The increasing availability of health care claims and payment data may portend the future of government and private health care enforcement and litigation.
Data is the lifeblood of health care fraud enforcement efforts. For many years, Medicare enforcement was hampered by CMS’s use of multiple Medicare contractors to pay and process Medicare claims. In late 2010, I wrote about how this could change with the allocation of more than $350 million to create integrated Medicare and Medicaid databases designed to enhance government health care fraud detection and enforcement efforts. It now appears that the future is here.
OIG Report on Medicare Part D Data
Last week, the OIG issued a Report analyzing 2009 Medicare Part D data. The Report finds that of 1.1 million individual medical practitioners who had prescribed drugs paid for through Part D, 736 general practitioners were “extreme outliers” in terms of five key measures:
- The average number of prescriptions written per beneficiary;
- The number of pharmacies filling that provider’s prescriptions;
- The percentage of prescriptions for Schedule II drugs;
- The percentage of prescriptions for Schedule III drugs; and
- The percentage of prescriptions for brand name drugs.

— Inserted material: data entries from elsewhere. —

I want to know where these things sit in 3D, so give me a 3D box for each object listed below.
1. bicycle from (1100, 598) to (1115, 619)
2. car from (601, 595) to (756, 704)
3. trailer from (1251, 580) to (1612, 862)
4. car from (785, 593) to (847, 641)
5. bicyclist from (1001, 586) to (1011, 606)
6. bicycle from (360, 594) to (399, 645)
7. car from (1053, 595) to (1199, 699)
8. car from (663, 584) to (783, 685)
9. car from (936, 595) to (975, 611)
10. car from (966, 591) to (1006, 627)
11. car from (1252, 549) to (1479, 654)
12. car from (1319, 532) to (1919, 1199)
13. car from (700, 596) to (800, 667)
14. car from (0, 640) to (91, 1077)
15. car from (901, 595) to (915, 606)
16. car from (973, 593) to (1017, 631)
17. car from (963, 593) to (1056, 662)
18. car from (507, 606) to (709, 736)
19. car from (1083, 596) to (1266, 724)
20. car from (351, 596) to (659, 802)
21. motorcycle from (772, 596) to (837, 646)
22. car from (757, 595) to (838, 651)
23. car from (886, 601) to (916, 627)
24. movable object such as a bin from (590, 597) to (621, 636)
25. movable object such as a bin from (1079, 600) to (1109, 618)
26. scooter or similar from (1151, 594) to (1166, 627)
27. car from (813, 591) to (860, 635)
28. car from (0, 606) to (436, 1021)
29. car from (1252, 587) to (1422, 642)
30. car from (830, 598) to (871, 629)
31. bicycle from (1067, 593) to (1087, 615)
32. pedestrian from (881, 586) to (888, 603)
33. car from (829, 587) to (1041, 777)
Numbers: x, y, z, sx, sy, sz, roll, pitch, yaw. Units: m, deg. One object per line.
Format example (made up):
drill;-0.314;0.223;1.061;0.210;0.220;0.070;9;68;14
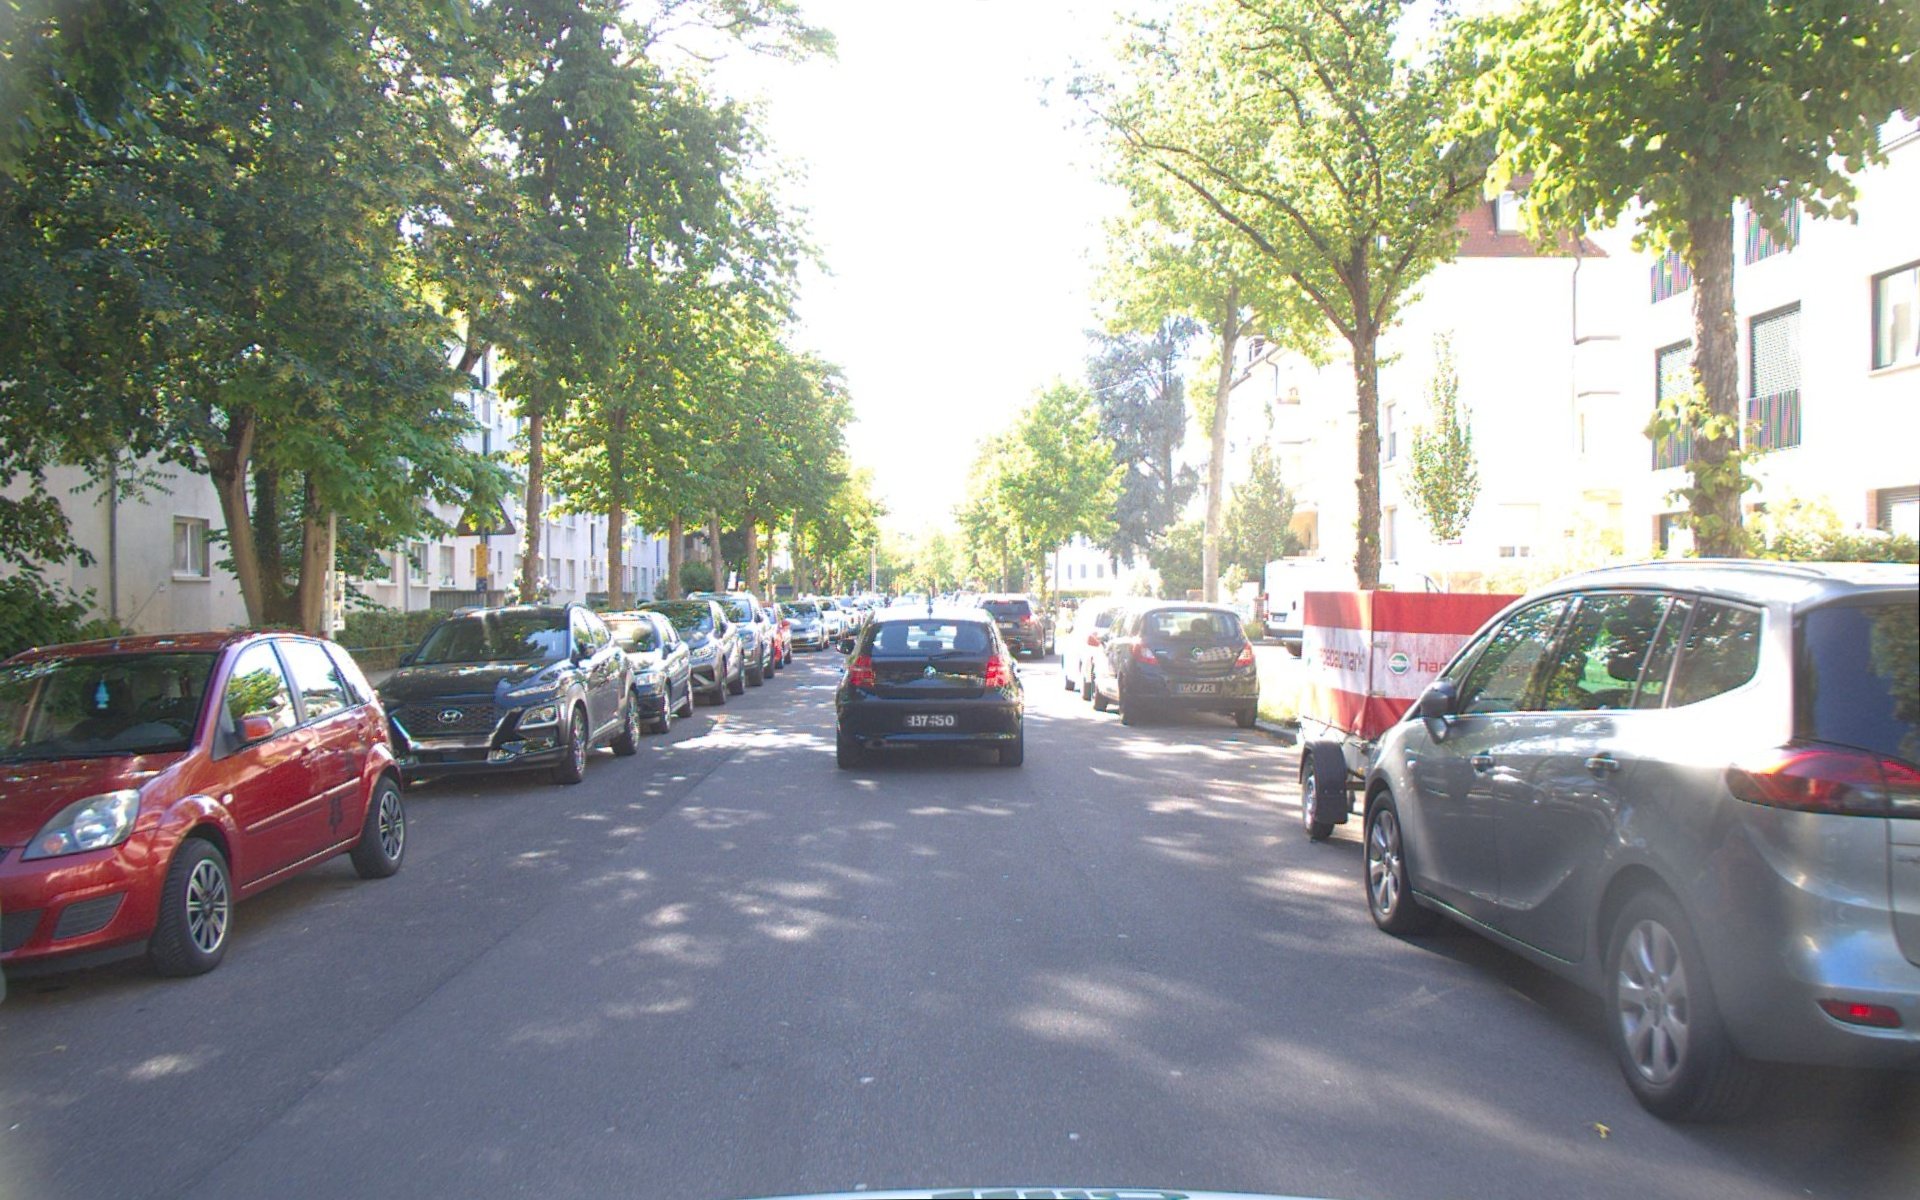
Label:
bicycle;7.463;0.425;83.608;0.569;0.992;1.903;-1;0;0
car;-4.360;0.712;26.269;1.733;1.558;4.419;-1;0;-1
trailer;3.031;0.701;11.246;1.542;1.606;3.192;1;0;0
car;-4.947;0.555;57.053;2.023;1.551;4.717;-1;0;-4
bicyclist;3.782;-0.303;136.053;0.663;1.638;0.921;-1;0;-5
bicycle;-15.148;0.494;43.215;0.390;1.311;1.913;-1;0;-2
car;2.541;0.676;26.113;1.698;1.513;4.007;0;0;-3
car;-4.430;0.599;31.504;1.732;1.717;4.812;-2;0;-2
car;-0.493;0.343;173.524;3.910;1.615;1.725;-1;0;-6
car;1.266;0.439;82.096;1.886;1.680;5.095;1;0;0
car;9.655;0.007;39.338;4.976;2.346;2.217;-1;0;-25
car;2.891;0.684;6.478;1.756;1.672;4.817;1;0;-2
car;-4.731;0.680;37.756;1.818;1.495;4.181;-1;0;-1
car;-3.864;0.873;3.823;1.621;1.397;4.187;-2;0;-3
car;-8.013;0.038;254.489;1.748;1.637;3.995;-1;0;-6
car;1.520;0.516;72.520;1.621;1.559;3.967;2;0;-3
car;1.120;0.637;39.694;1.858;1.551;4.964;0;-1;-3
car;-4.298;0.803;20.840;1.749;1.376;4.479;-2;0;-3
car;2.683;0.701;21.546;1.636;1.476;4.177;1;0;-3
car;-4.087;0.796;15.632;1.671;1.604;4.481;-2;0;-1
motorcycle;-4.998;0.673;53.073;0.981;1.530;2.200;-2;0;-41
car;-4.788;0.637;49.200;2.001;1.551;4.605;-1;0;-1
car;-3.619;0.852;101.345;1.773;1.471;4.364;-2;0;-2
movable object such as a bin;-12.546;0.587;58.532;0.912;1.347;1.377;-1;0;-7
movable object such as a bin;7.075;0.485;87.106;1.196;0.920;1.665;-1;0;19
scooter or similar;7.577;0.401;63.095;0.393;1.205;1.207;-1;1;13
car;-5.096;0.540;68.800;1.694;1.646;4.364;-4;0;-2
car;-4.018;0.833;8.291;1.621;1.531;4.066;-2;0;-3
car;10.738;0.413;47.186;4.617;1.495;1.955;-1;0;13
car;-5.353;0.644;81.022;1.743;1.403;4.261;-3;0;-1
bicycle;7.041;0.242;99.476;0.822;1.279;2.229;0;0;-5
pedestrian;-8.505;-0.606;185.696;0.700;1.933;0.837;-1;0;2
car;-0.291;0.681;15.931;1.747;1.550;3.998;-2;0;-3

The data analysis uncovered some eye-popping statistics. One physician was responsible for prescriptions filled by 872 different pharmacies located in 47 states and Guam, another averaged more than 71 prescriptions per individual beneficiary, and another ordered more than 400 prescriptions for each of 16 beneficiaries. In 2009, Medicare paid more than $352 million on prescriptions written by the 736 physicians identified as extreme outliers.
The Report provides government prosecutors with a roadmap for potential enforcement. It also illustrates what may be the future of public and private health care fraud enforcement as more and more health care payment data becomes publicly available. Not only government prosecutors, but also individuals with their own agendas, will be able to analyze the data for aberrations and outliers.
CMS Release of Medicare Claims Processing Data
In recent months, CMS has begun publicly releasing Medicare claims processing data, including hospital charge data for specified outpatient and inpatient treatments. Multiple media reports have already pointed out discrepancies in the hospital prices reflected in the data. CMS promises that more health care data will be forthcoming.
Injunction on Release of Physician Payment Information Overturned
On May 31, 2013, a federal judge overturned an injunction that had been in place for 33 years, which had prevented the release of information on what Medicare pays individual physicians. The injunction was initially issued at the request of the Florida Medical Association, which argued that release of information on what Medicare paid the physicians constituted an unwarranted invasion of personal privacy, reasoning the judge found “no longer equitable.”
Medicare Data Access Bill Introduced
After this injunction was lifted, legislation was introduced in the Senate to make Medicare payment data publicly available in a free, searchable database. The Medicare Data Access for Transparency and Accountability Act would also affirm that data on Medicare payments to physicians and suppliers is public information, not exempt from disclosure under the Freedom of Information Act. The bill does not address whether publication of the data constitutes public disclosure for purposes of qui tams brought under the federal or state false claims acts.
It is clear that through integrated databases, government investigators are gaining enhanced access to Medicaid and Medicare data that will be mined and analyzed to develop future health care enforcement cases. It is also clear that insurers, the media, class action counsel, and potential qui tam whistleblowers also may soon be mining this newly available data to identify potential outliers and develop their own health care based litigation efforts.